For this exercise, output exactly and only the lines running from the one with "Convert code to" through the final line of the data below, without pictures.

(Records drawn from a dataset)
______

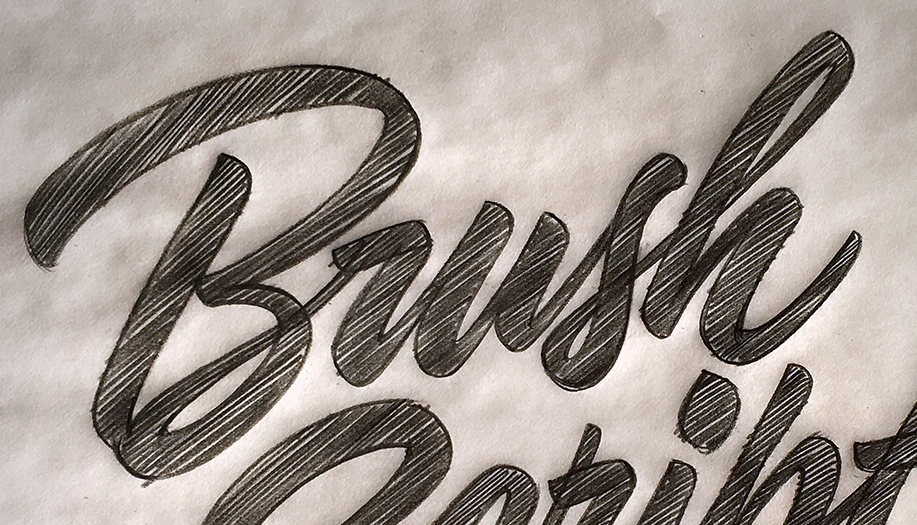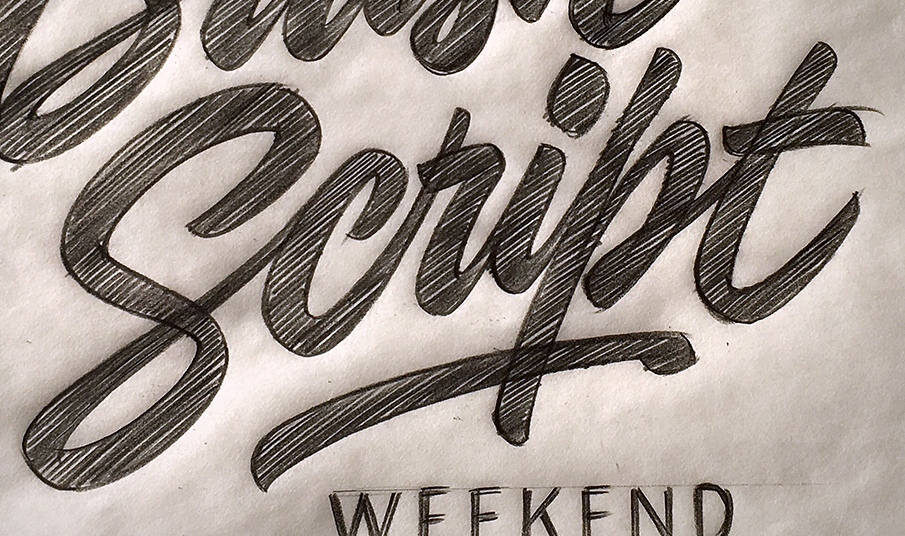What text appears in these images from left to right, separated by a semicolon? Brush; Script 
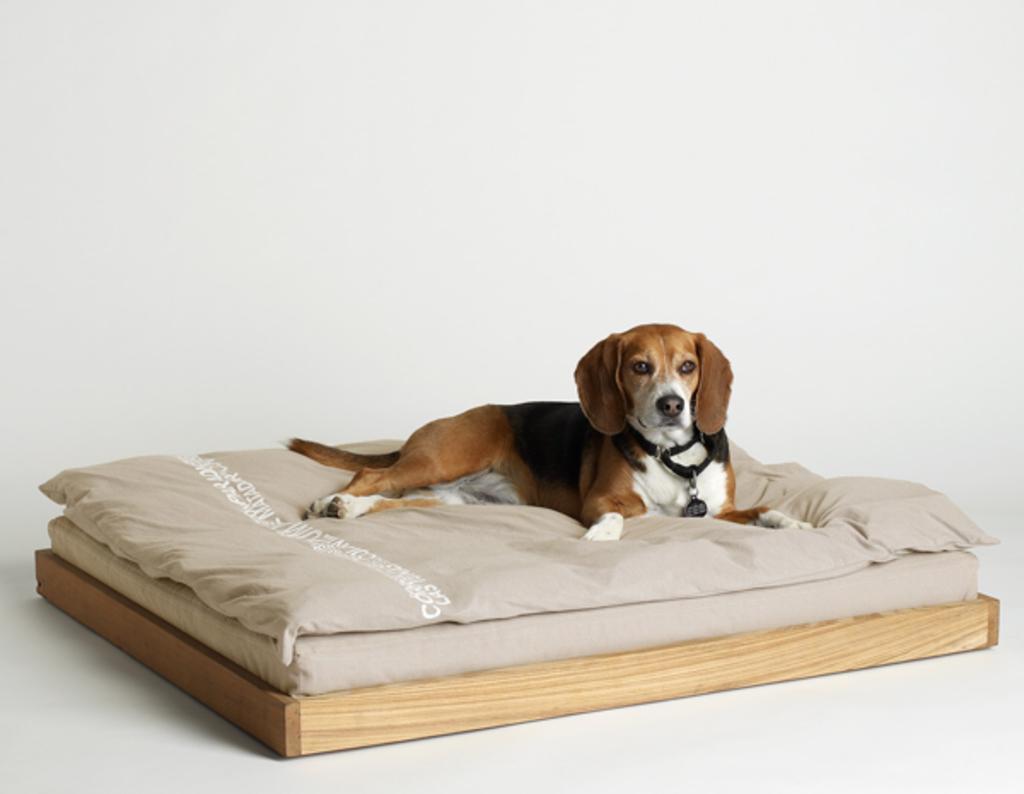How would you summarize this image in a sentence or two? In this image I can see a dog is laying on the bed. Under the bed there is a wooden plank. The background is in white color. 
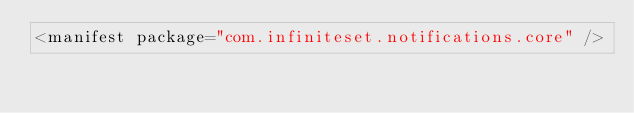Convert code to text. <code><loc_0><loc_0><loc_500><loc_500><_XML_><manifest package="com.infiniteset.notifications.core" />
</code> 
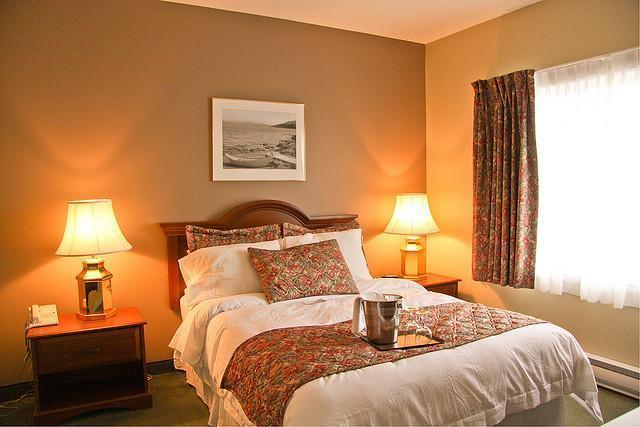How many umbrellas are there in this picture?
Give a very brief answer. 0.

______

*Expected answer*:
Convert code to text. <code><loc_0><loc_0><loc_500><loc_500><_XML_><manifest package="com.infiniteset.notifications.core" />
</code> 
How many umbrellas are there in this picture?
Give a very brief answer. 0.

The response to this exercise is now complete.